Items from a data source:

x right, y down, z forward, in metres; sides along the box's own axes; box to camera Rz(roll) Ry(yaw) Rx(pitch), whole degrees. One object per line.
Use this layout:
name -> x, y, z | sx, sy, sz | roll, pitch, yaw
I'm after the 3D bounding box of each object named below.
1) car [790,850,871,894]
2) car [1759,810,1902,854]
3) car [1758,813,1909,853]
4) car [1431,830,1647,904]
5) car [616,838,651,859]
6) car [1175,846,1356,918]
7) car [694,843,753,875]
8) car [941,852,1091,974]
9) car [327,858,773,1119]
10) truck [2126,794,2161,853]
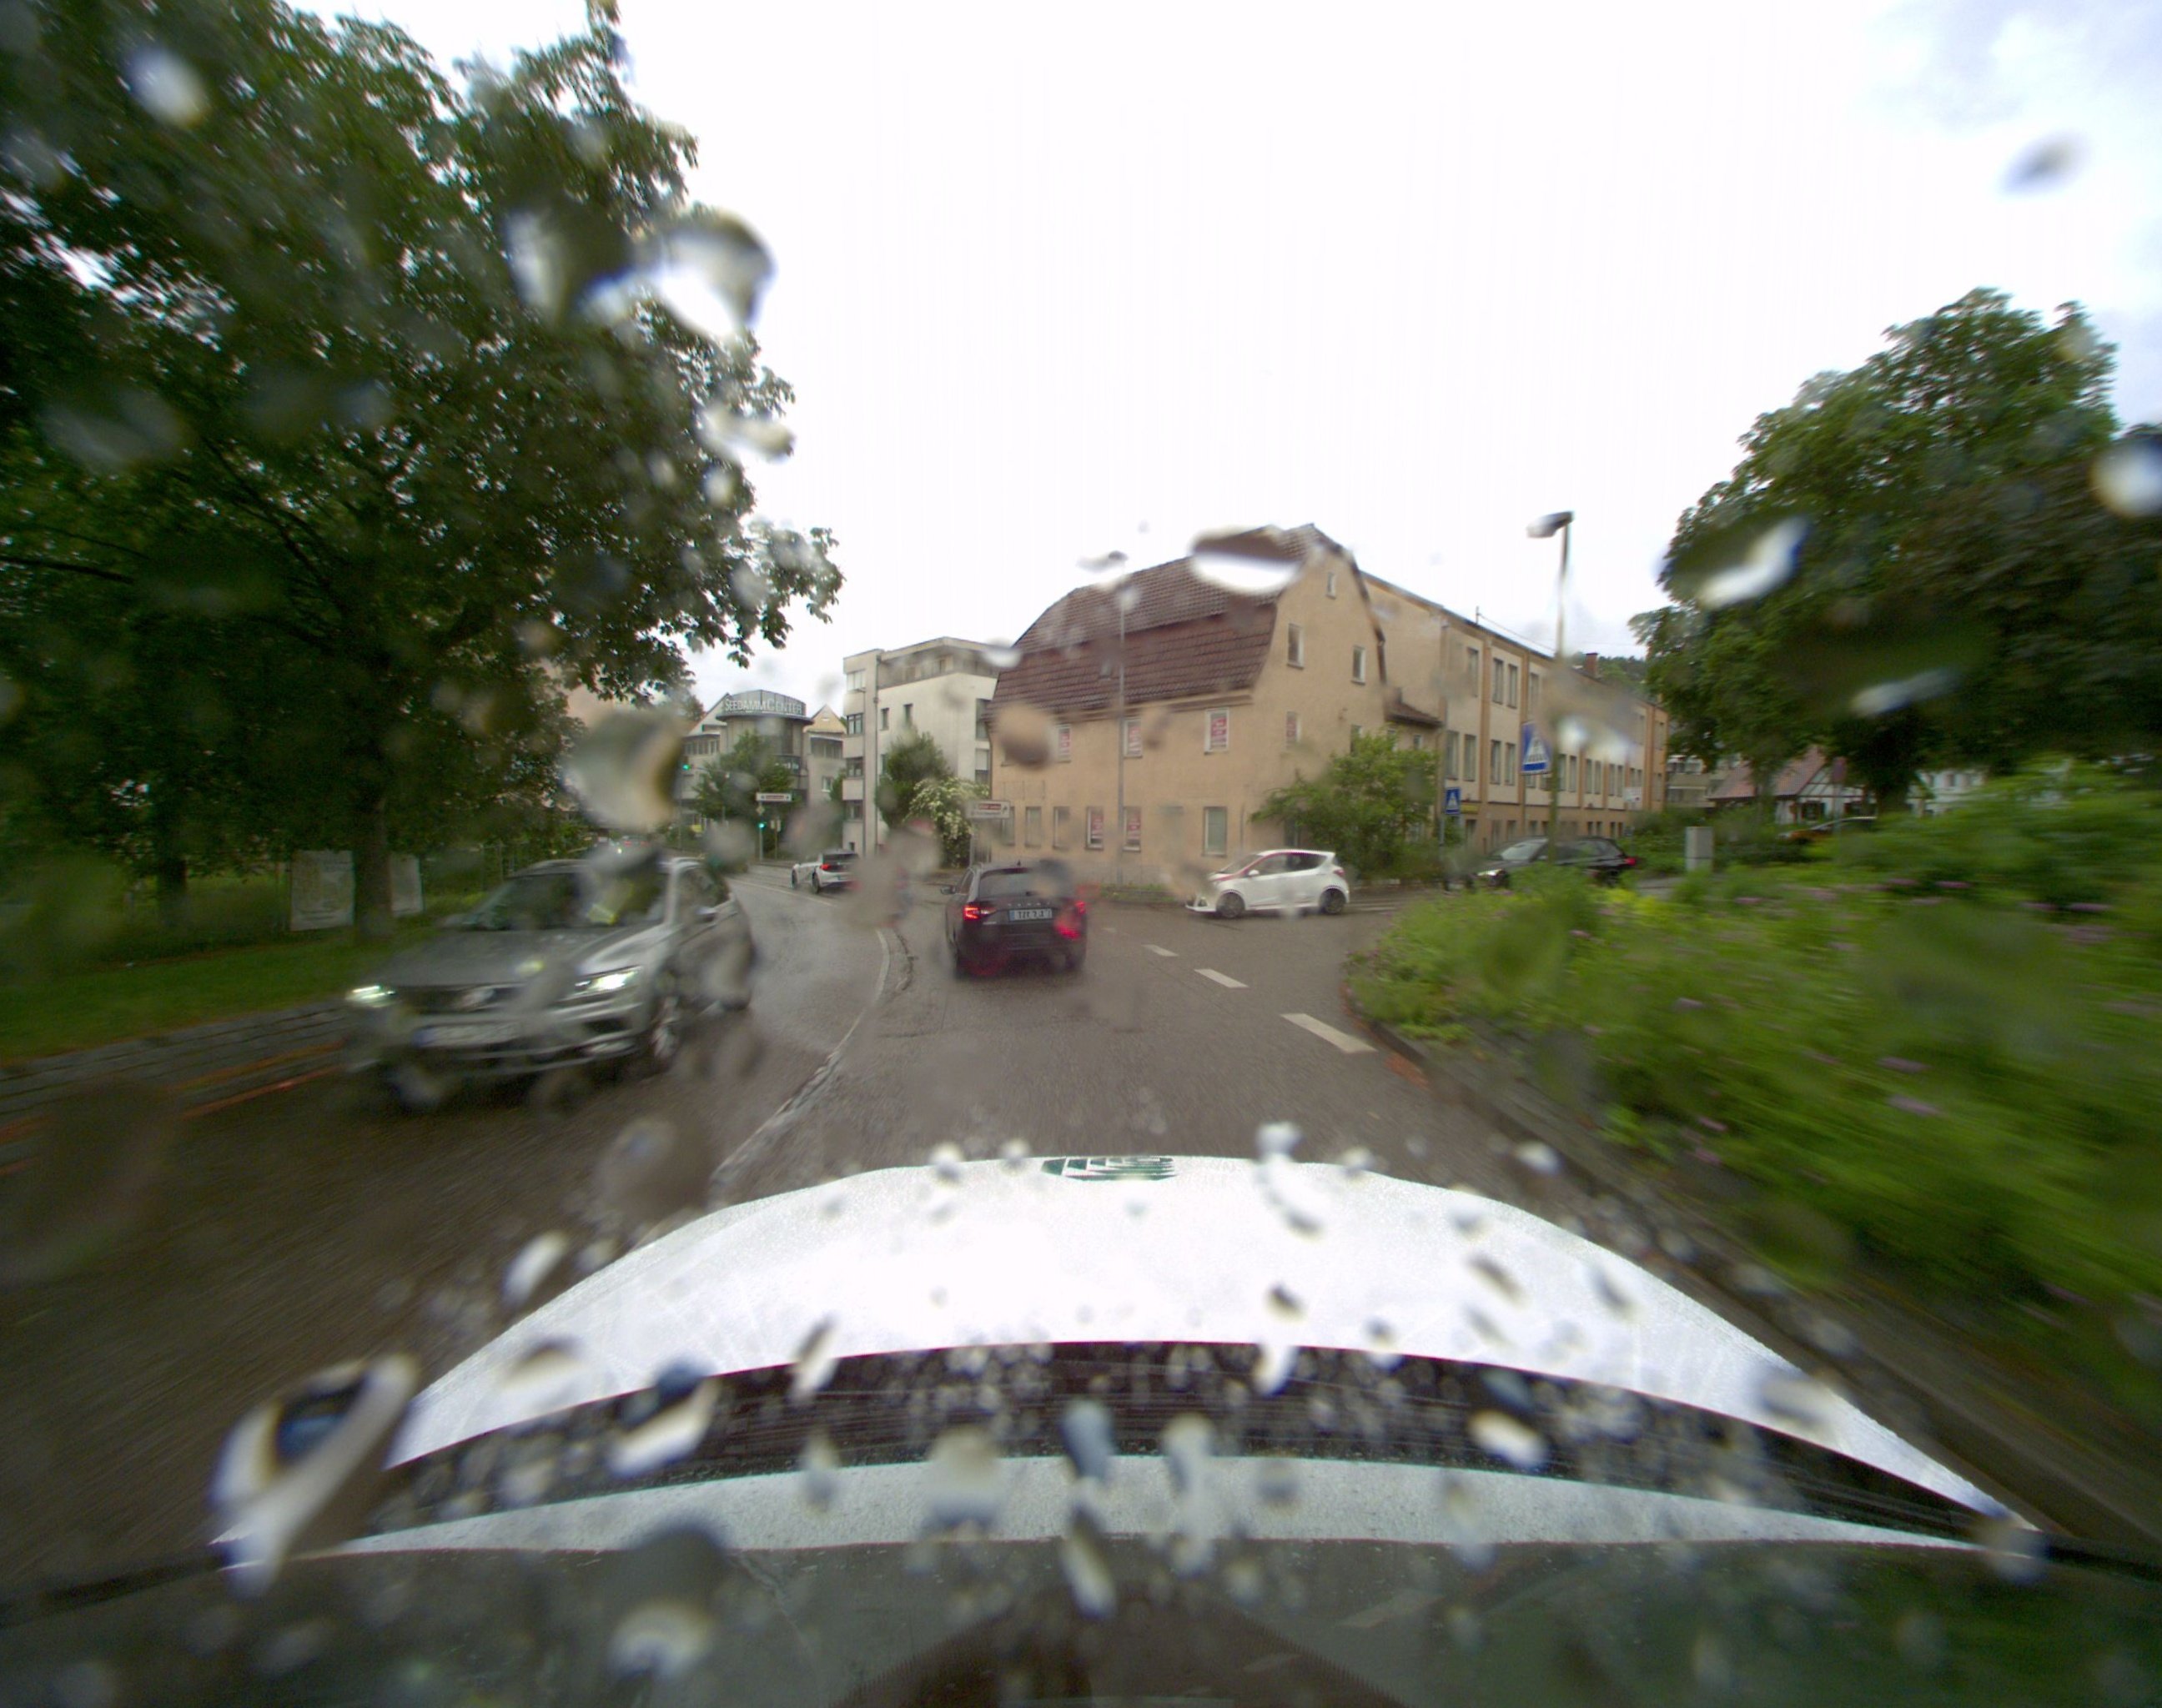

* Aim of the task:
Copy out, from the data above, each line where the string "roll" is present.

* Response to this exercise:
x right, y down, z forward, in metres; sides along the box's own axes; box to camera Rz(roll) Ry(yaw) Rx(pitch), whole degrees. One object per line.
name -> x, y, z | sx, sy, sz | roll, pitch, yaw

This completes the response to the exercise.